This recipe is from my cousin Angie Lee. It is always a huge hit anytime we make it. I have had to make some adjustments to it depending on where we were living at the time because tomatillos are not always available in the small town grocery store. So, I will give you the recipe as written and then write in changes we have made in a different color because there is a different flavor to it but both are great.

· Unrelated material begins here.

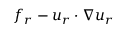Convert formula to latex. <formula><loc_0><loc_0><loc_500><loc_500>f _ { r } - u _ { r } \cdot \nabla u _ { r }</formula>

2 lbs of chicken breasts, chopped
1 med onion
3 garlic cloves, minced
1 Tbsp vegetable oil
30 oz undrained canned white beans or if you plan ahead you can soak dry beans overnight
4 tomatillos chopped (1 small can of salsa verde-it makes it a little spicier though so keep that in mind)
16 oz package of frozen white corn (I have used regular yellow corn too in order to save money but the white is the tastiest)
2 tsp cumin
1/2 tsp oregano
4 oz can of green chiles
1 1/2 cup chicken broth
Brown the chicken, onion and garlic in oil. Add the rest of the ingredients except the lime. Cook 20 minutes. Add the lime juice.
Serve over tortilla chips and top with shredded jack cheese, cilantro, and lime wedges.
It is more of a stoup when I make it, not really a soup but not quite a stew. It is pretty thick and the chips will also absorb some of the liquid.